Nuclear power plant in Argentina

Nuclearis, which is working with Argentina's three power plants - Atucha I, Atucha II and Embalse - said the Argentine government and the country's main nuclear power plant operator, Nucleoeléctrica Argentina, are looking to adopt its blockchain system.

The RSK blockchain developed with the consulting firm IOV Labs uses a process called "merged mining" to perform a sidechain on the Bitcoin blockchain and collect the hash power of the largest cryptocurrency - find out how buy Bitcoins.

"The immutability and security provided by blockchain are of the utmost importance to the nuclear industry," IOV Labs CEO Diego Gutierrez Zaldivar said in a statement.

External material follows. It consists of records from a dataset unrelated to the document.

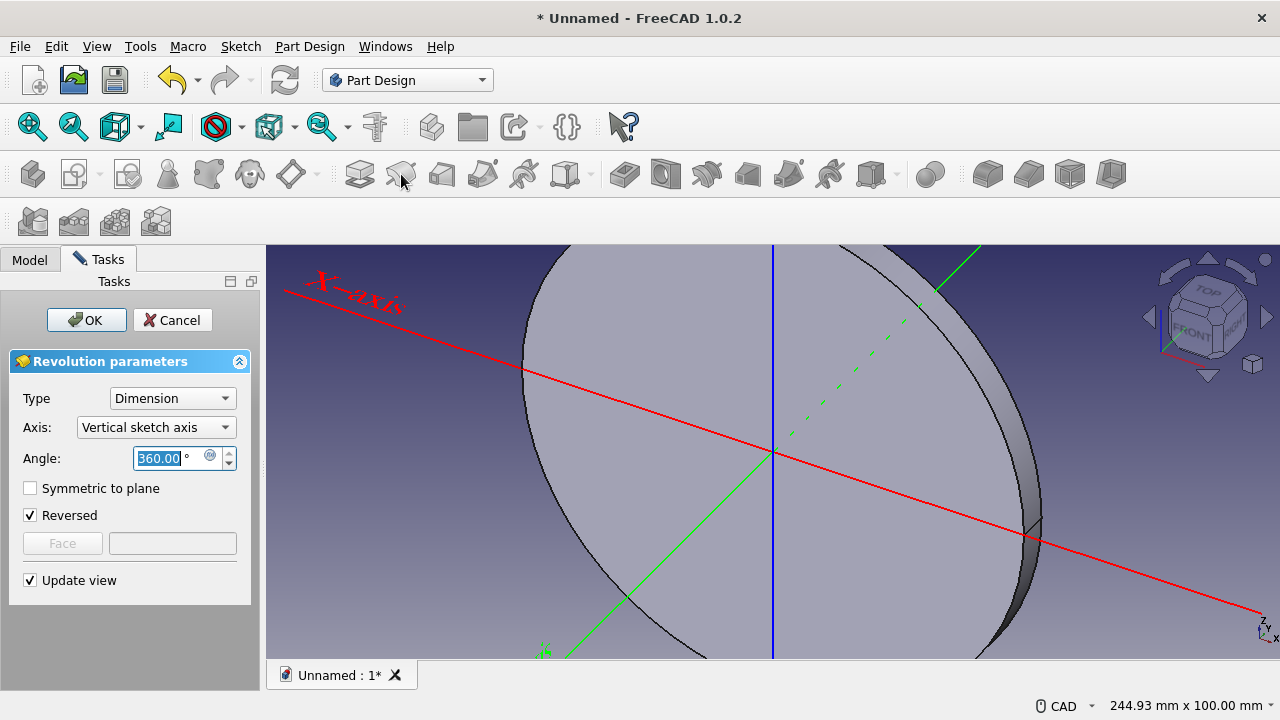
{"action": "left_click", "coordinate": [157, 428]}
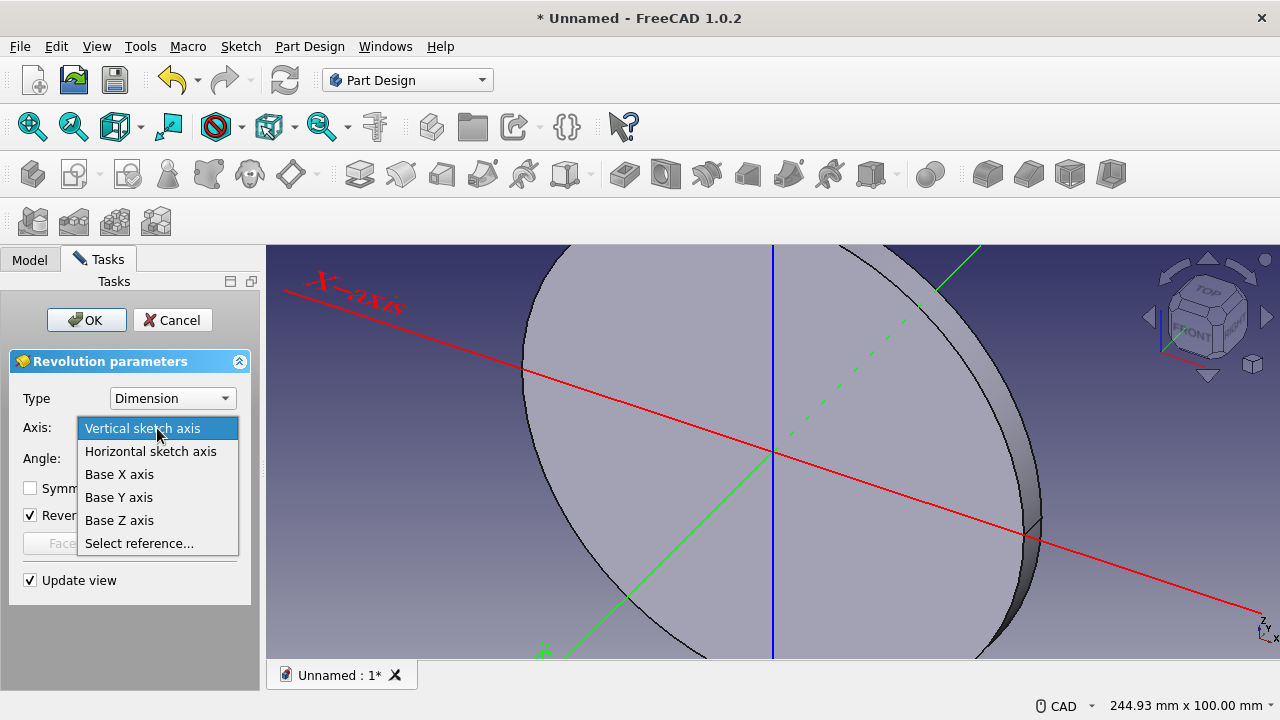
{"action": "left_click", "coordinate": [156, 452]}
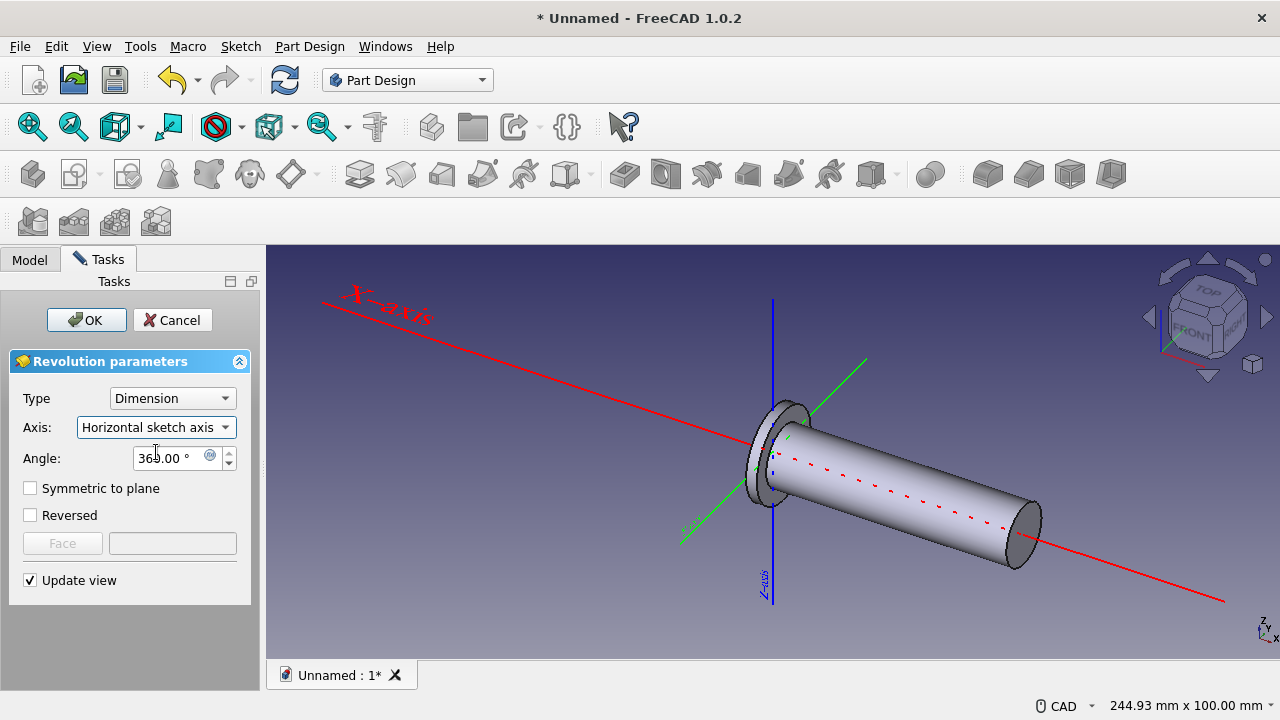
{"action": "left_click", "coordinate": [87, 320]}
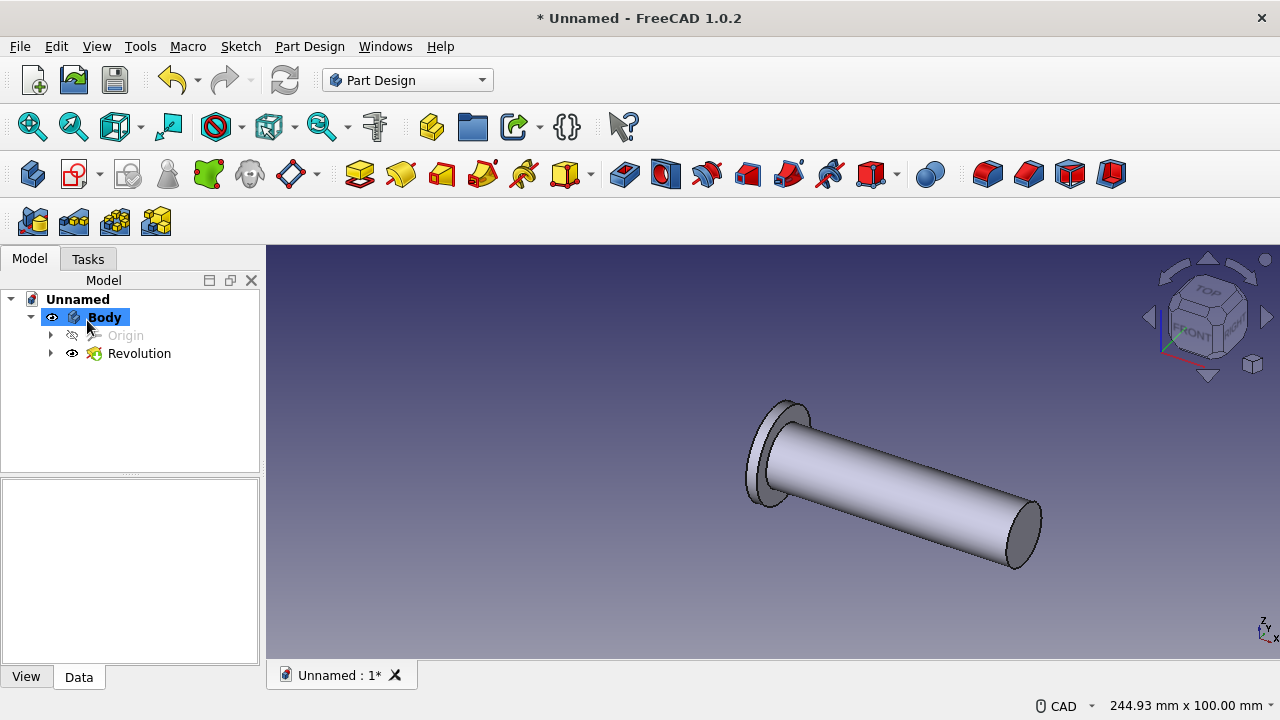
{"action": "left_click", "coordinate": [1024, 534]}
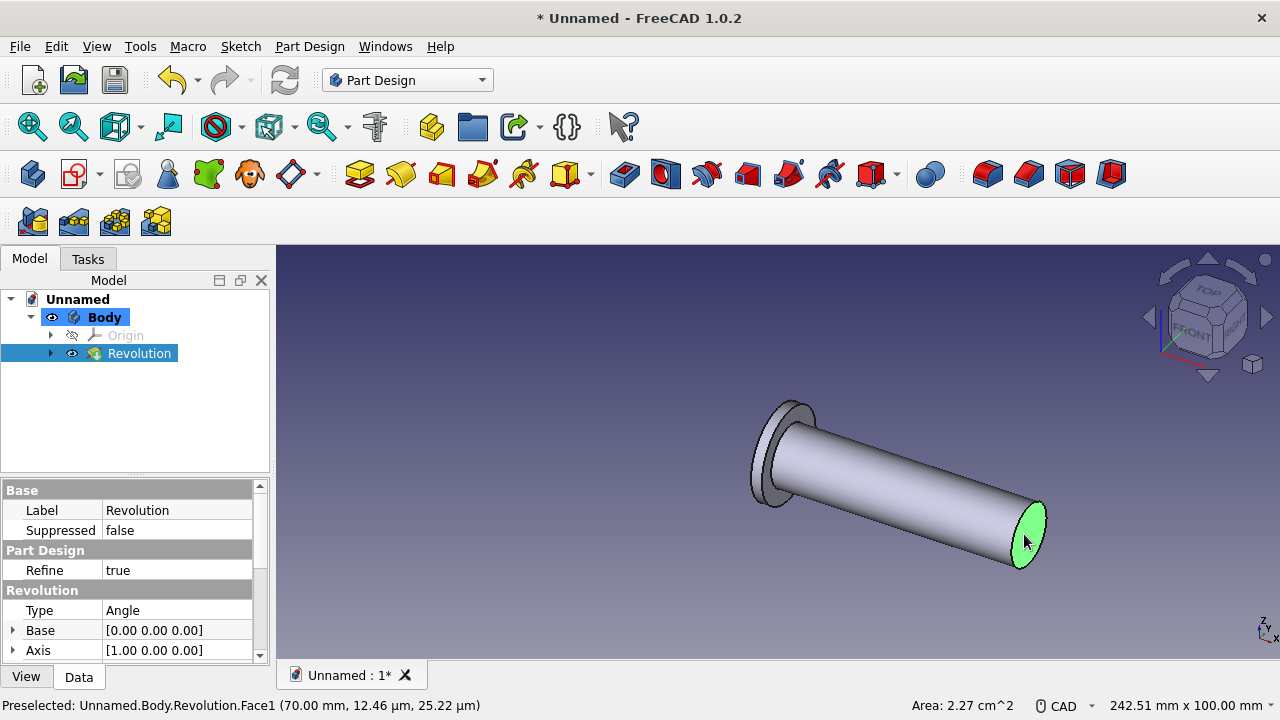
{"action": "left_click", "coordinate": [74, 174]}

The RSK-based platform now in use is only for tracing the provenance of new parts, but there are many interesting use cases for the future in businesses such as parts disposal, Nuclearis said.

"If you replace something like a pump from a primary loop that has been radioactive for the past 50 years, you need to deactivate it, take it out of the reactor and dismantle it," Martinez said. "The traceability of that stuff is very important so that it doesn't enter a black market or, worse, turn into a dirty bomb."